State Farm removed this action to this Court on July 11, 2011, alleging that this Court has jurisdiction over Plaintiff's claims pursuant to the Class Action Fairness Act, and also because Plaintiff fraudulently joined the two State Farm employees. State Farm asserted that Plaintiff had no colorable claim against the two individual Michigan residents.

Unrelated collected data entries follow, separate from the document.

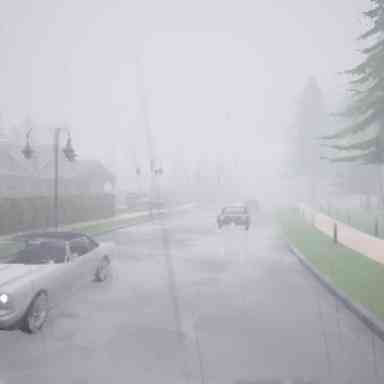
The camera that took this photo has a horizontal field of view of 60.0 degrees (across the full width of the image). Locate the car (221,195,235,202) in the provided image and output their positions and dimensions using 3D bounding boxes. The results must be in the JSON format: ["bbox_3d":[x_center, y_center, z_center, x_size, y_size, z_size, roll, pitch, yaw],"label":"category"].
[{"bbox_3d":[5.101,0.994,46.577,1.812,1.442,4.674,0,0,13],"label":"car"}]

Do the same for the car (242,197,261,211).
[{"bbox_3d":[6.898,1.395,38.620,1.837,1.490,4.892,0,0,13],"label":"car"}]

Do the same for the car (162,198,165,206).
[{"bbox_3d":[-5.725,1.002,41.467,4.605,1.855,1.932,0,0,13],"label":"car"}]

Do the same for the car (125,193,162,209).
[{"bbox_3d":[-5.926,1.012,38.931,3.866,1.878,1.905,0,0,13],"label":"car"}]

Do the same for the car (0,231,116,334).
[{"bbox_3d":[-3.174,1.563,6.852,1.895,1.301,4.718,0,0,5],"label":"car"}]

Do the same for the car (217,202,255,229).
[{"bbox_3d":[2.814,1.536,21.261,1.895,1.301,4.718,0,0,12],"label":"car"}]
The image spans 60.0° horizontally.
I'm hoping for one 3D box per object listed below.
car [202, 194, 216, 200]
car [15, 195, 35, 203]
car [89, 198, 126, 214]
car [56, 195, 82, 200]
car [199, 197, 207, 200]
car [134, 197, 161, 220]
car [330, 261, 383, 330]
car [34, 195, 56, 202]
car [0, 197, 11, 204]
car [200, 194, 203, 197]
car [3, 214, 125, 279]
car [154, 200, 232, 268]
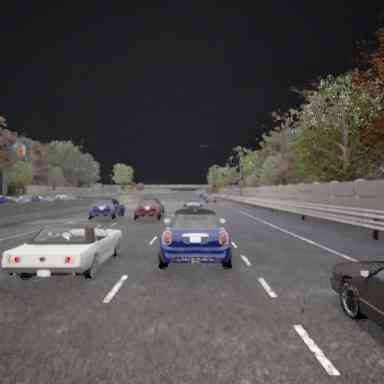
[{"bbox_3d":[3.488,1.366,62.855,1.994,1.385,4.181,0,0,0],"label":"car"},{"bbox_3d":[-24.572,1.223,49.971,2.097,1.767,4.553,0,0,0],"label":"car"},{"bbox_3d":[-6.905,1.277,27.522,2.097,1.767,4.553,0,0,0],"label":"car"},{"bbox_3d":[-17.580,1.227,48.635,2.097,1.767,4.553,0,0,0],"label":"car"},{"bbox_3d":[0.094,1.447,28.939,1.812,1.442,4.674,0,0,0],"label":"car"},{"bbox_3d":[-3.407,1.277,27.493,2.097,1.767,4.553,0,0,0],"label":"car"},{"bbox_3d":[3.625,1.489,4.186,2.033,1.411,5.357,0,0,1],"label":"car"},{"bbox_3d":[-21.077,1.363,49.854,2.128,1.511,4.902,0,0,0],"label":"car"},{"bbox_3d":[-28.068,1.401,48.006,1.812,1.442,4.674,0,0,0],"label":"car"},{"bbox_3d":[3.486,1.293,78.876,1.882,1.535,5.008,0,0,0],"label":"car"},{"bbox_3d":[-3.400,1.571,9.856,1.895,1.301,4.718,0,0,0],"label":"car"},{"bbox_3d":[0.095,1.319,11.247,2.097,1.767,4.553,0,0,0],"label":"car"}]
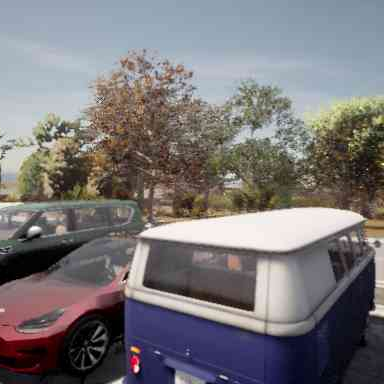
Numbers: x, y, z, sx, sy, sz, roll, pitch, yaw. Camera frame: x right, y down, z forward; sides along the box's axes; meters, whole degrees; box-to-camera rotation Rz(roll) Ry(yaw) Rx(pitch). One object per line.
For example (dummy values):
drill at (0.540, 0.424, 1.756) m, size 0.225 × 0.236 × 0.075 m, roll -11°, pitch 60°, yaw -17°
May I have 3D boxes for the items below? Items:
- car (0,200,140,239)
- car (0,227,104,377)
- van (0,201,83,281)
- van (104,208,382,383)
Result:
car at (-3.345, 1.234, 7.507) m, size 2.435 × 2.045 × 5.566 m, roll -1°, pitch -1°, yaw 36°
car at (-1.105, 1.504, 5.905) m, size 2.163 × 1.488 × 4.792 m, roll 0°, pitch 0°, yaw 36°
van at (-5.518, 1.301, 9.240) m, size 1.878 × 1.987 × 4.442 m, roll -1°, pitch -1°, yaw 36°
van at (1.243, 1.252, 4.405) m, size 1.878 × 1.987 × 4.442 m, roll 0°, pitch 0°, yaw 36°
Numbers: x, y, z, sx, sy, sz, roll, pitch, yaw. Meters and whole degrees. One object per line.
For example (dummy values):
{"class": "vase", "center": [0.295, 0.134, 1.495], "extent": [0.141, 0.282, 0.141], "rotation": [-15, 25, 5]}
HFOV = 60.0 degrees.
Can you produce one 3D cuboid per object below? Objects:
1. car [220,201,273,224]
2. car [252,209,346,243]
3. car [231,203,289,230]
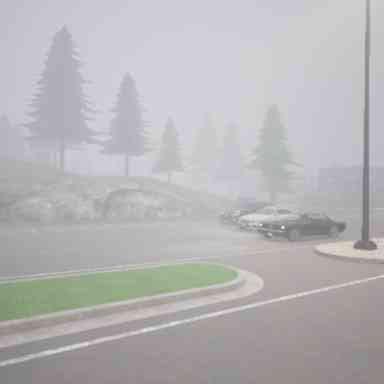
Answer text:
{"class": "car", "center": [4.250, 1.471, 24.265], "extent": [4.553, 1.767, 2.097], "rotation": [1, 0, -32]}
{"class": "car", "center": [5.588, 1.715, 16.871], "extent": [4.718, 1.301, 1.895], "rotation": [1, 0, -32]}
{"class": "car", "center": [4.973, 1.643, 20.586], "extent": [4.674, 1.442, 1.812], "rotation": [1, 0, -32]}
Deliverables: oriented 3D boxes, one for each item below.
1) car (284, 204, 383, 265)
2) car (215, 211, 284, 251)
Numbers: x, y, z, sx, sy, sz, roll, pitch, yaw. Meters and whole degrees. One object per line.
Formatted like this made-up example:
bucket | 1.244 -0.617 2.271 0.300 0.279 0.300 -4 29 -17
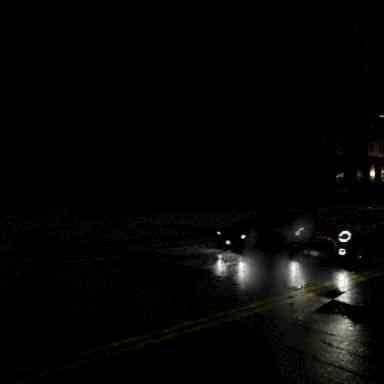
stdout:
car | 5.645 1.328 11.705 4.553 1.767 2.097 0 0 -36
car | 3.533 1.524 14.192 5.357 1.411 2.033 0 0 -36
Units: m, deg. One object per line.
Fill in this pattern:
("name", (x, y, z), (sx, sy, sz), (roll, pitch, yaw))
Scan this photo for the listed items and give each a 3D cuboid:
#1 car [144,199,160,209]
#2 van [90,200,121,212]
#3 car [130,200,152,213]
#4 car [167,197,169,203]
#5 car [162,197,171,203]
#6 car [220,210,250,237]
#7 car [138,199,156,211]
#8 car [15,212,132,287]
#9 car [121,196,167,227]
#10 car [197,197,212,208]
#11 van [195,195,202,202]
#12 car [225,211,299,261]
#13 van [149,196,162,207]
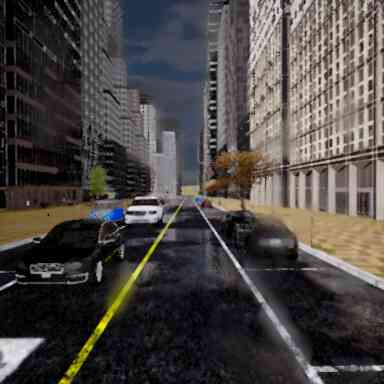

Plaintiff's overall contention is that State Farm uses an unreasonable rate to reimburse its insureds for mileage expenses incurred for the purpose of receiving medical treatment. Plaintiff's Complaint describes the putative class as follows:
All individuals who are insureds of State Farm in Michigan or otherwise covered by State Farm for first party no fault benefits, and for whom State Farm has paid and/or continues to pay medical mileage for automobile related injuries, at a rate in accordance with State Farm's policy of adopting the IRS medical and moving mileage rate, excluding State Farm's directors, officers, and employees, and excluding Plaintiffs' attorney and staff.(Complaint at ¶ 7).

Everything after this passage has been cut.